Dio, patria e famiglia. Un motto dal tratto italico che, declinato nel portoghese brasiliano dal sotaque soave, sta facendo parte della battaglia, senza esclusione di colpi, che i due candidati per la presidenza del Brasile (che verrà assegnata nel ballottaggio del 30 ottobre) stanno conducendo. Uno, Jair Bolsonaro, esponente del Partito Liberale fortemente di destra, per rimanere in carica dopo i suoi primi 4 anni; l’altro Luis Inàcio Lula da Silva, figura di grande spicco del PT (il partito dei lavoratori, trabalhadores) per tornare ad essere primo cittadino, dopo i due mandati già compiuti, e, soprattutto, per riabilitarsi del tutto dopo una detenzione legata a motivi di corruzione, poi annullata dalla Corte Suprema.

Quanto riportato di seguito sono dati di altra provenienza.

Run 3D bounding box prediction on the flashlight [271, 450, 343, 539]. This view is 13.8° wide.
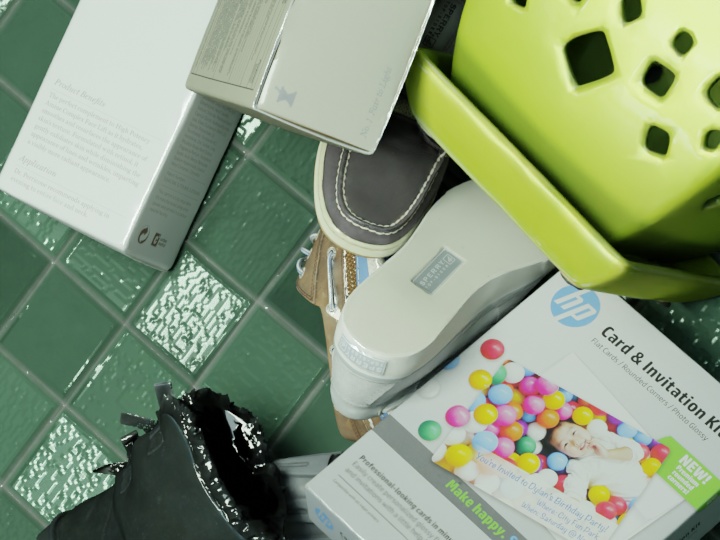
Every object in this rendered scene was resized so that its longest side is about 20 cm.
[{"bbox_3d":[0.047,0.121,1.642,0.199,0.068,0.068,-2,81,21],"label":"flashlight"}]

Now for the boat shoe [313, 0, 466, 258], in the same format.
[{"bbox_3d":[0.028,-0.098,1.641,0.072,0.065,0.201,25,57,0],"label":"boat shoe"}]

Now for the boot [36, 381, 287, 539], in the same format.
[{"bbox_3d":[-0.098,0.176,1.665,0.162,0.073,0.199,-42,61,34],"label":"boot"}]

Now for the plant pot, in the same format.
[{"bbox_3d":[0.153,-0.097,1.571,0.200,0.199,0.182,46,106,21],"label":"plant pot"}]

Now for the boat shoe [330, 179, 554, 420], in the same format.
[{"bbox_3d":[0.050,0.017,1.618,0.072,0.200,0.069,31,133,11],"label":"boat shoe"}]

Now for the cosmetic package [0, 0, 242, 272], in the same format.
[{"bbox_3d":[-0.122,-0.113,1.749,0.101,0.074,0.201,26,90,23],"label":"cosmetic package"}]

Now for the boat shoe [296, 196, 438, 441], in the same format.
[{"bbox_3d":[0.000,0.000,1.679,0.072,0.072,0.201,-19,65,33],"label":"boat shoe"}]

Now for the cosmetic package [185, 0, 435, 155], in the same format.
[{"bbox_3d":[-0.029,-0.127,1.608,0.073,0.200,0.104,22,92,-16],"label":"cosmetic package"}]

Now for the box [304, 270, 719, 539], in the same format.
[{"bbox_3d":[0.096,0.108,1.555,0.200,0.041,0.156,-38,62,-19],"label":"box"}]

L’operazione Lavajato che ha portato Lula in carcere ha visto in primo piano la figura del giudice Sergio Moro, affetto, si dice, da una sorta di fumus persecutionis nei confronti dell’ex capo dello Stato. Sarà un caso ma Sergio Moro ha anche ricoperto l’incarico di ministro della Giustizia all’inizio dell’era Bolsonaro, il che, certo, non ha diradato i sospetti dell’altra parte politica…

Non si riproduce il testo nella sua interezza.